Stored records
>>>

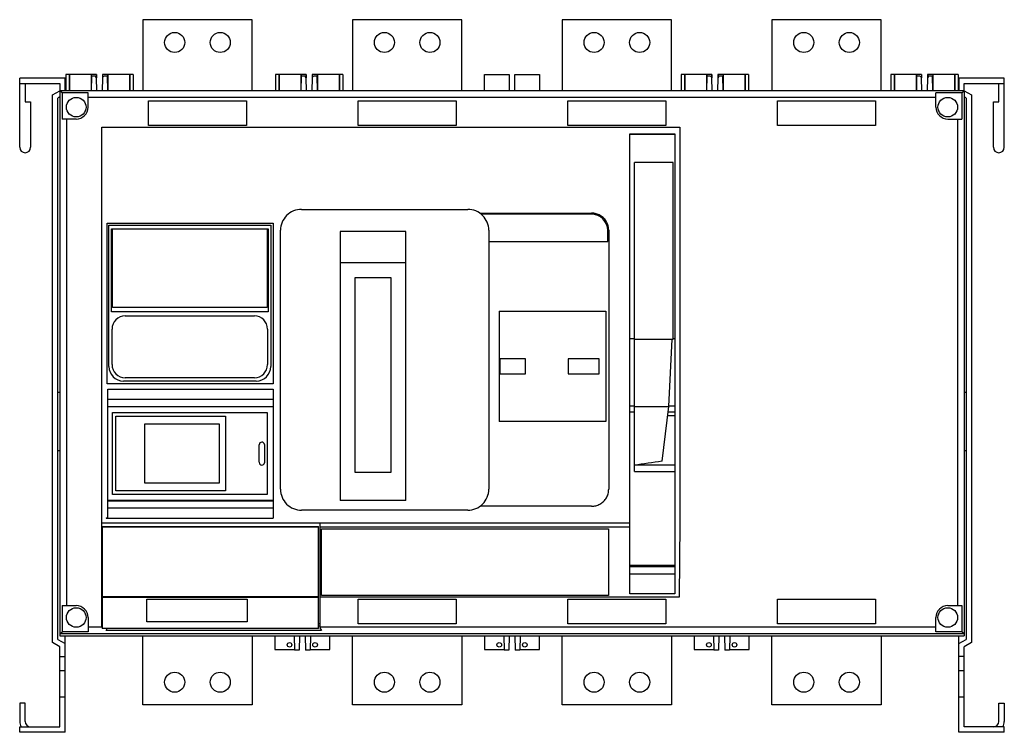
# Model space of a CAD drawing. Header units: millimetres. Extents: x 75 to 615, y 277 to 668.
import ezdxf

# ---------------------------------------------------------------- set-up
doc = ezdxf.new("R2010")
doc.units = ezdxf.units.MM
doc.header["$LTSCALE"] = 61.97931
doc.layers.add('00_COMPONENTS_1', color=7, linetype='CONTINUOUS')

msp = doc.modelspace()

# ---------------------------------------------------------------- linework, layer by layer
at = {"layer": '00_COMPONENTS_1', "color": 7, "linetype": 'Continuous'}
for p, q in [((142.38, 668), (142.38, 629)), ((202.38, 668), (142.38, 668)), ((202.38, 629), (202.38, 668)), ((257.38, 668), (257.38, 629)), ((317.38, 668), (257.38, 668)), ((317.38, 629), (317.38, 668)), ((372.38, 668), (372.38, 629)), ((432.38, 668), (372.38, 668)), ((432.38, 629), (432.38, 668)), ((487.38, 668), (487.38, 629)), ((547.38, 668), (487.38, 668)), ((547.38, 629), (547.38, 668)), ((100.13, 638), (100.13, 629)), ((117.03, 638), (100.13, 638)), ((102, 638), (102, 629)), ((102.13, 638), (102.13, 629)), ((114.03, 638), (114.03, 629)), ((114.16, 638), (114.16, 637)), ((116.88, 638), (116.88, 636.46)), ((117.03, 638), (117.03, 636.01)), ((120.23, 638), (120.23, 636.02)), ((137.13, 638), (120.23, 638)), ((120.37, 638), (120.37, 636.45)), ((123.1, 638), (123.1, 637)), ((123.23, 638), (123.23, 629)), ((135.13, 638), (135.13, 629)), ((135.26, 638), (135.26, 629)), ((137.13, 638), (137.13, 629)), ((215.13, 638), (215.13, 629)), ((232.03, 638), (215.13, 638)), ((217, 638), (217, 629)), ((217.13, 638), (217.13, 629)), ((229.03, 638), (229.03, 629)), ((229.16, 638), (229.16, 637)), ((231.88, 638), (231.88, 636.46)), ((232.03, 638), (232.03, 636.01)), ((235.23, 638), (235.23, 636.02)), ((252.13, 638), (235.23, 638)), ((235.37, 638), (235.37, 636.45)), ((238.1, 638), (238.1, 637)), ((238.23, 638), (238.23, 629)), ((250.13, 638), (250.13, 629)), ((250.26, 638), (250.26, 629)), ((252.13, 638), (252.13, 629)), ((329.88, 629), (329.88, 638)), ((329.88, 638), (343.38, 638)), ((343.38, 638), (343.38, 629)), ((346.38, 629), (346.38, 638)), ((346.38, 638), (359.88, 638)), ((359.88, 638), (359.88, 629)), ((437.63, 638), (437.63, 629)), ((454.53, 638), (437.63, 638)), ((439.5, 638), (439.5, 629)), ((439.63, 638), (439.63, 629)), ((451.53, 638), (451.53, 629)), ((451.66, 638), (451.66, 637)), ((454.38, 638), (454.38, 636.46)), ((454.53, 638), (454.53, 636.01)), ((457.73, 638), (457.73, 636.02)), ((474.63, 638), (457.73, 638)), ((457.87, 638), (457.87, 636.45)), ((460.6, 638), (460.6, 637)), ((460.73, 638), (460.73, 629)), ((472.63, 638), (472.63, 629)), ((472.76, 638), (472.76, 629)), ((474.63, 638), (474.63, 629)), ((569.53, 638), (552.63, 638)), ((552.63, 638), (552.63, 629)), ((554.5, 638), (554.5, 629)), ((554.63, 638), (554.63, 629)), ((566.53, 638), (566.53, 629)), ((566.66, 638), (566.66, 637)), ((569.38, 638), (569.38, 636.46)), ((569.53, 638), (569.53, 636.01)), ((589.63, 638), (572.73, 638)), ((572.73, 638), (572.73, 636.02)), ((572.87, 638), (572.87, 636.45)), ((575.6, 638), (575.6, 637)), ((575.73, 638), (575.73, 629)), ((587.63, 638), (587.63, 629)), ((587.76, 638), (587.76, 629)), ((589.63, 638), (589.63, 629)), ((74.88, 598), (74.88, 636)), ((99.88, 636), (74.88, 636)), ((74.88, 633), (96.88, 633)), ((77.88, 633), (77.88, 623)), ((96.88, 633), (96.88, 629.04)), ((99.88, 629), (99.88, 636)), ((114.27, 637), (114.13, 629)), ((116, 637), (114.27, 637)), ((117.13, 629), (117, 636.01)), ((120.25, 636.02), (120.13, 629)), ((122.99, 637), (121.25, 637)), ((123.13, 629), (122.99, 637)), ((229.27, 637), (229.13, 629)), ((231, 637), (229.27, 637)), ((232.13, 629), (232, 636.01)), ((235.25, 636.02), (235.13, 629)), ((237.99, 637), (236.25, 637)), ((238.13, 629), (237.99, 637)), ((451.77, 637), (451.63, 629)), ((453.5, 637), (451.77, 637)), ((454.63, 629), (454.5, 636.01)), ((457.75, 636.02), (457.63, 629)), ((460.49, 637), (458.75, 637)), ((460.63, 629), (460.49, 637)), ((566.77, 637), (566.63, 629)), ((568.5, 637), (566.77, 637)), ((569.63, 629), (569.5, 636.01)), ((572.75, 636.02), (572.63, 629)), ((575.49, 637), (573.75, 637)), ((575.63, 629), (575.49, 637)), ((614.88, 636), (589.88, 636)), ((589.88, 636), (589.88, 629)), ((592.88, 633), (614.88, 633)), ((592.88, 629.04), (592.88, 633)), ((611.88, 623), (611.88, 633)), ((614.88, 598), (614.88, 636)), ((92.88, 626.73), (96.88, 629.04)), ((92.88, 326.27), (92.88, 626.73)), ((96.88, 629), (96.88, 329.9)), ((98.08, 627.8), (96.88, 629)), ((592.88, 629), (96.88, 629)), ((98.08, 627.8), (98.08, 613.5)), ((112.38, 627.8), (98.08, 627.8)), ((112.38, 620), (112.38, 627.8)), ((591.67, 627.8), (577.38, 627.8)), ((577.38, 620), (577.38, 627.8)), ((591.67, 627.8), (592.88, 629)), ((591.67, 627.8), (591.67, 613.5)), ((592.88, 629.04), (596.88, 626.73)), ((592.88, 629), (592.88, 329.9)), ((596.88, 626.73), (596.88, 326.27)), ((77.88, 623), (80.88, 623)), ((80.88, 623), (80.88, 598)), ((96.88, 625.58), (95.88, 625)), ((95.88, 328), (95.88, 625)), ((577.38, 625.39), (112.38, 625.39)), ((145.48, 610), (145.48, 623.42)), ((145.48, 623.42), (199.28, 623.42)), ((199.28, 623.42), (199.28, 610)), ((260.48, 610), (260.48, 623.42)), ((260.48, 623.42), (314.28, 623.42)), ((314.28, 623.42), (314.28, 610)), ((375.48, 610), (375.48, 623.42)), ((375.48, 623.42), (429.28, 623.42)), ((429.28, 623.42), (429.28, 610)), ((490.48, 610), (490.48, 623.42)), ((490.48, 623.42), (544.28, 623.42)), ((544.28, 623.42), (544.28, 610)), ((593.88, 625), (592.88, 625.58)), ((593.88, 625), (593.88, 328)), ((608.88, 623), (611.88, 623)), ((608.88, 598), (608.88, 623)), ((105.88, 613.5), (98.08, 613.5)), ((100.49, 613.5), (100.49, 346.5)), ((583.88, 613.5), (591.67, 613.5)), ((589.26, 613.5), (589.26, 346.5)), ((119.88, 334.61), (119.88, 609)), ((119.88, 609), (436.84, 609)), ((199.28, 610), (145.48, 610)), ((314.28, 610), (260.48, 610)), ((429.28, 610), (375.48, 610)), ((409.42, 352.98), (409.42, 605.31)), ((409.42, 605.31), (434.14, 605.31)), ((434.14, 605), (409.42, 605)), ((434.14, 605.31), (434.14, 352.98)), ((436.84, 609), (436.84, 391.75)), ((544.28, 610), (490.48, 610)), ((411.98, 420.18), (411.98, 589.59)), ((433.21, 589.59), (411.98, 589.59)), ((433.21, 492.76), (433.21, 589.59)), ((229.4, 563.93), (320.65, 563.93)), ((327.27, 561.84), (388.55, 561.84)), ((122.92, 468.26), (122.92, 556.42)), ((122.92, 556.42), (213.98, 556.42)), ((213.98, 556.42), (213.98, 468.26)), ((388.38, 561.3), (327.97, 561.3)), ((123.78, 477.75), (123.78, 555.25)), ((123.78, 555.25), (212.58, 555.25)), ((125.15, 507.72), (125.15, 553.25)), ((125.15, 553.25), (211.24, 553.25)), ((125.81, 510.04), (125.81, 553.25)), ((210.54, 553.25), (210.54, 510.04)), ((211.24, 553.25), (211.24, 507.72)), ((212.58, 555.25), (212.58, 477.75)), ((217.9, 410.37), (217.9, 552.43)), ((250.63, 551.85), (250.63, 404.25)), ((286.63, 551.85), (250.63, 551.85)), ((286.63, 404.25), (286.63, 551.85)), ((332.15, 552.43), (332.15, 410.37)), ((397.38, 546.3), (397.38, 552.3)), ((397.91, 552.48), (397.91, 410.42)), ((332.15, 546.3), (397.38, 546.3)), ((286.63, 534.55), (250.63, 534.55)), ((258.88, 419.5), (258.88, 526.5)), ((258.88, 526.5), (278.38, 526.5)), ((278.38, 526.5), (278.38, 419.5)), ((211.24, 507.72), (125.15, 507.72)), ((210.54, 510.04), (125.81, 510.04)), ((337.76, 508.09), (337.76, 447.52)), ((337.76, 508.09), (396.29, 508.09)), ((396.29, 508.09), (396.29, 447.52)), ((132.78, 505.5), (203.58, 505.5)), ((125.53, 478.75), (125.53, 498.25)), ((210.83, 498.25), (210.83, 478.75)), ((409.42, 493.1), (411.98, 493.1)), ((411.98, 492.76), (433.21, 492.76)), ((430.9, 455.71), (432.76, 492.76)), ((433.21, 493.1), (434.14, 493.1)), ((338.14, 481.88), (338.14, 473.74)), ((352.35, 481.88), (338.14, 481.88)), ((352.35, 473.74), (352.35, 481.88)), ((392.65, 481.88), (375.7, 481.88)), ((375.7, 481.88), (375.7, 473.74)), ((392.65, 473.74), (392.65, 481.88)), ((203.58, 471.5), (132.78, 471.5)), ((338.14, 473.74), (352.35, 473.74)), ((375.7, 473.74), (392.65, 473.74)), ((213.98, 468.26), (122.92, 468.26)), ((123.18, 394.65), (123.18, 465.25)), ((123.18, 465.25), (213.98, 465.25)), ((204.58, 469.75), (131.78, 469.75)), ((213.98, 465.25), (213.98, 394.56)), ((95.88, 463.7), (96.88, 463.7)), ((123.18, 459.75), (213.98, 459.75)), ((592.88, 463.7), (593.88, 463.7)), ((123.18, 455.81), (213.98, 455.81)), ((213.98, 455.63), (123.18, 455.63)), ((409.42, 456.09), (411.98, 456.09)), ((411.98, 455.71), (430.9, 455.71)), ((427.18, 425.76), (430.9, 455.71)), ((430.9, 456.09), (434.14, 456.09)), ((125.71, 407.44), (125.71, 452.44)), ((125.71, 452.44), (210.51, 452.44)), ((127.69, 409.43), (127.69, 450.46)), ((127.69, 450.46), (187.83, 450.46)), ((187.83, 450.46), (187.83, 409.43)), ((210.51, 452.44), (210.51, 407.44)), ((409.42, 452.93), (411.98, 452.93)), ((430.28, 450.78), (434.14, 450.78)), ((430.55, 452.93), (434.14, 452.93)), ((143.31, 445.99), (143.31, 413.9)), ((184.41, 445.99), (143.31, 445.99)), ((184.41, 413.9), (184.41, 445.99)), ((396.29, 447.52), (337.76, 447.52)), ((206.21, 425.14), (206.21, 434.74)), ((209.19, 434.96), (209.19, 424.93)), ((95.88, 431.7), (96.88, 431.7)), ((592.88, 431.7), (593.88, 431.7)), ((434.14, 423.5), (411.98, 423.5)), ((278.38, 419.5), (258.88, 419.5)), ((411.98, 420.18), (434.14, 420.18)), ((143.31, 413.9), (184.41, 413.9)), ((210.51, 407.44), (125.71, 407.44)), ((187.83, 409.43), (127.69, 409.43)), ((213.98, 404.27), (123.18, 404.27)), ((123.18, 404.09), (213.98, 404.09)), ((123.18, 400.15), (213.98, 400.15)), ((286.63, 404.25), (250.63, 404.25)), ((388.55, 401.06), (327.41, 401.06)), ((122.28, 394.65), (122.28, 394.56)), ((122.28, 394.65), (123.18, 394.65)), ((122.28, 394.56), (213.98, 394.56)), ((320.66, 398.87), (229.4, 398.87)), ((409.42, 391.73), (119.88, 391.75)), ((120.18, 389.87), (120.18, 333.98)), ((120.18, 389.87), (238.78, 389.87)), ((238.78, 389.59), (120.18, 389.59)), ((238.78, 333.98), (238.78, 389.87)), ((239.6, 334.61), (239.6, 391.74)), ((409.42, 389.65), (239.6, 389.65)), ((436.84, 391.75), (436.63, 351.21)), ((240.38, 352), (240.38, 388.65)), ((240.38, 388.65), (397.88, 388.65)), ((397.88, 388.65), (397.88, 352)), ((409.42, 368.63), (434.14, 368.63)), ((434.14, 367.74), (409.42, 367.74)), ((409.42, 364), (434.14, 364)), ((238.78, 351.31), (120.18, 351.31)), ((238.78, 351.01), (120.18, 351.01)), ((436.63, 351.21), (239.6, 351.21)), ((397.88, 352), (240.38, 352)), ((434.14, 352.98), (409.42, 352.98)), ((98.08, 346.5), (98.08, 332.2)), ((98.08, 346.5), (105.88, 346.5)), ((144.68, 337.59), (144.68, 350.01)), ((144.68, 350.01), (199.68, 350.01)), ((199.68, 350.01), (199.68, 337.59)), ((260.48, 350), (314.28, 350)), ((260.48, 336.58), (260.48, 350)), ((314.28, 350), (314.28, 336.58)), ((375.48, 350), (429.28, 350)), ((375.48, 336.58), (375.48, 350)), ((429.28, 350), (429.28, 336.58)), ((490.48, 350), (544.28, 350)), ((490.48, 336.58), (490.48, 350)), ((544.28, 350), (544.28, 336.58)), ((583.88, 346.5), (591.67, 346.5)), ((591.67, 346.5), (591.67, 332.2)), ((112.38, 340), (112.38, 332.2)), ((199.68, 337.59), (144.68, 337.59)), ((238.78, 336.66), (239.44, 336.66)), ((239.3, 335.33), (238.78, 335.33)), ((239.3, 335.33), (239.44, 335.61)), ((239.44, 336.66), (239.44, 334.51)), ((314.28, 336.58), (260.48, 336.58)), ((429.28, 336.58), (375.48, 336.58)), ((544.28, 336.58), (490.48, 336.58)), ((577.38, 332.2), (577.38, 340)), ((96.88, 331), (98.08, 332.2)), ((592.88, 331), (96.88, 331)), ((96.88, 329.9), (592.88, 329.9)), ((112.38, 332.2), (98.08, 332.2)), ((99.88, 277), (99.88, 329.9)), ((119.88, 334.61), (112.38, 334.61)), ((120.18, 334.51), (119.88, 334.51)), ((238.78, 333.98), (120.18, 333.98)), ((122.38, 332.93), (122.9, 333.98)), ((240.38, 332.93), (122.38, 332.93)), ((142.38, 292), (142.38, 329.9)), ((202.38, 329.9), (202.38, 292)), ((214.73, 329.9), (214.73, 322.35)), ((225.38, 329.9), (225.65, 322.01)), ((228.38, 329.9), (228.1, 322.01)), ((231.38, 329.9), (231.65, 322.01)), ((234.38, 329.9), (234.1, 322.01)), ((239.6, 334.51), (239.44, 334.51)), ((239.5, 334.41), (240.38, 332.93)), ((577.38, 334.61), (239.6, 334.61)), ((245.03, 322.35), (245.03, 329.9)), ((257.38, 292), (257.38, 329.9)), ((317.38, 329.9), (317.38, 292)), ((329.73, 329.9), (329.73, 322.35)), ((340.38, 329.9), (340.65, 322.01)), ((343.38, 329.9), (343.1, 322.01)), ((346.38, 329.9), (346.65, 322.01)), ((349.38, 329.9), (349.1, 322.01)), ((360.03, 322.35), (360.03, 329.9)), ((372.38, 292), (372.38, 329.9)), ((432.38, 329.9), (432.38, 292)), ((444.73, 329.9), (444.73, 322.35)), ((455.38, 329.9), (455.65, 322.01)), ((458.38, 329.9), (458.1, 322.01)), ((461.38, 329.9), (461.65, 322.01)), ((464.38, 329.9), (464.1, 322.01)), ((475.03, 322.35), (475.03, 329.9)), ((487.38, 292), (487.38, 329.9)), ((547.38, 329.9), (547.38, 292)), ((591.67, 332.2), (577.38, 332.2)), ((589.88, 277), (589.88, 329.9)), ((592.88, 331), (591.67, 332.2)), ((96.88, 323.96), (92.88, 326.27)), ((95.88, 328), (99.88, 325.69)), ((589.88, 325.69), (593.88, 328)), ((596.88, 326.27), (592.88, 323.96)), ((96.88, 280), (96.88, 323.96)), ((214.73, 322.35), (225.65, 322.35)), ((228.1, 322.01), (225.65, 322.01)), ((234.1, 322.01), (231.65, 322.01)), ((234.1, 322.35), (245.03, 322.35)), ((329.73, 322.35), (340.65, 322.35)), ((343.1, 322.01), (340.65, 322.01)), ((349.1, 322.01), (346.65, 322.01)), ((349.1, 322.35), (360.03, 322.35)), ((444.73, 322.35), (455.65, 322.35)), ((458.1, 322.01), (455.65, 322.01)), ((464.1, 322.01), (461.65, 322.01)), ((464.1, 322.35), (475.03, 322.35)), ((592.88, 280), (592.88, 323.96)), ((96.88, 318.6), (99.88, 318.6)), ((592.88, 318.6), (589.88, 318.6)), ((96.88, 310.84), (99.88, 310.84)), ((589.88, 310.84), (592.88, 310.84)), ((74.88, 293), (74.88, 283)), ((77.88, 293), (74.88, 293)), ((77.88, 283), (77.88, 293)), ((99.88, 296.28), (96.88, 296.28)), ((202.38, 292), (142.38, 292)), ((317.38, 292), (257.38, 292)), ((432.38, 292), (372.38, 292)), ((547.38, 292), (487.38, 292)), ((592.88, 296.28), (589.88, 296.28)), ((611.88, 293), (614.88, 293)), ((611.88, 283), (611.88, 293)), ((614.88, 293), (614.88, 283)), ((74.88, 277), (74.88, 280)), ((74.88, 280), (96.88, 280)), ((99.88, 277), (74.88, 277)), ((614.88, 277), (589.88, 277)), ((614.88, 280), (592.88, 280)), ((614.88, 277), (614.88, 280))]:
    msp.add_line(p, q, dxfattribs=at)
for centre, radius in [((159.88, 655.5), 5.5), ((184.88, 655.5), 5.5), ((274.88, 655.5), 5.5), ((299.88, 655.5), 5.5), ((389.88, 655.5), 5.5), ((414.88, 655.5), 5.5), ((504.88, 655.5), 5.5), ((529.88, 655.5), 5.5), ((105.88, 620), 5.39), ((583.88, 620), 5.39), ((105.88, 340), 5.39), ((583.88, 340), 5.39), ((222.88, 325), 1.25), ((236.88, 325), 1.25), ((337.88, 325), 1.25), ((351.88, 325), 1.25), ((452.88, 325), 1.25), ((466.88, 325), 1.25), ((159.88, 304.5), 5.5), ((184.88, 304.5), 5.5), ((274.88, 304.5), 5.5), ((299.88, 304.5), 5.5), ((389.88, 304.5), 5.5), ((414.88, 304.5), 5.5), ((504.88, 304.5), 5.5), ((529.88, 304.5), 5.5)]:
    msp.add_circle(centre, radius, dxfattribs=at)
for centre, radius, start, end in [((116, 636), 1, 0.6551, 90), ((121.25, 636), 1, 89.6551, 179), ((231, 636), 1, 0.6551, 90), ((236.25, 636), 1, 89.6551, 179), ((453.5, 636), 1, 0.6551, 90), ((458.75, 636), 1, 89.6551, 179), ((568.5, 636), 1, 0.6551, 90), ((573.75, 636), 1, 89.6551, 179), ((105.88, 620), 6.5, 270, 360), ((583.88, 620), 6.5, 180, 270), ((77.88, 598), 3, 180, 360), ((611.88, 598), 3, 180, 360), ((229.4, 552.43), 11.49, 89.9875, 180.0146), ((320.66, 552.43), 11.49, 359.9875, 90.0146), ((388.38, 552.3), 9, 0, 90), ((132.78, 498.25), 7.25, 90, 180), ((203.58, 498.25), 7.25, 0, 90), ((132.78, 478.75), 7.25, 180, 270), ((203.58, 478.75), 7.25, 270, 360), ((207.71, 434.74), 1.5, 8.325, 180.0002), ((207.71, 425.14), 1.5, 180.0003, 351.675), ((229.4, 410.37), 11.49, 179.9874, 270.0146), ((320.66, 410.37), 11.49, 269.9876, 0.0145), ((105.88, 340), 6.5, 0, 90), ((583.88, 340), 6.5, 90, 180), ((80.88, 283), 6, 180, 210.5109), ((80.88, 283), 3, 180, 270), ((608.88, 283), 3, 270, 360), ((608.88, 283), 6, 329.4891, 360)]:
    msp.add_arc(centre, radius, start, end, dxfattribs=at)
for centre, major_axis, ratio, start_param, end_param in [((131.78, 477.75), (5.66, 5.66), 0.999924, 2.356233, 3.926953), ((204.58, 477.75), (5.66, -5.66), 0.999924, 5.497825, 7.068545), ((602.05, 407.79), (346.23, 28.49), 0.106999, 2.091435, 2.143105)]:
    msp.add_ellipse(centre, major_axis=major_axis, ratio=ratio, start_param=start_param, end_param=end_param, dxfattribs=at)
for points in [[(397.91, 552.48), (397.91, 553.26), (397.72, 554.82), (396.84, 557.07), (395.37, 559.1), (393.36, 560.66), (391.03, 561.62), (389.39, 561.84), (388.55, 561.84)], [(388.55, 401.06), (389.34, 401.06), (390.89, 401.25), (393.15, 402.13), (395.17, 403.61), (396.73, 405.61), (397.69, 407.94), (397.91, 409.58), (397.91, 410.42)]]:
    msp.add_open_spline(points, degree=3, knots=[0, 0, 0, 0, 0.160275, 0.316472, 0.489502, 0.666587, 0.827949, 1, 1, 1, 1], dxfattribs=at)

doc.saveas('drawing.dxf')

<<<

■ Assigned task: Wherever the string "ezdxf" appears in the data above, copy the line it sits in.

■ Answer box:
import ezdxf
doc = ezdxf.new("R2010")
doc.units = ezdxf.units.MM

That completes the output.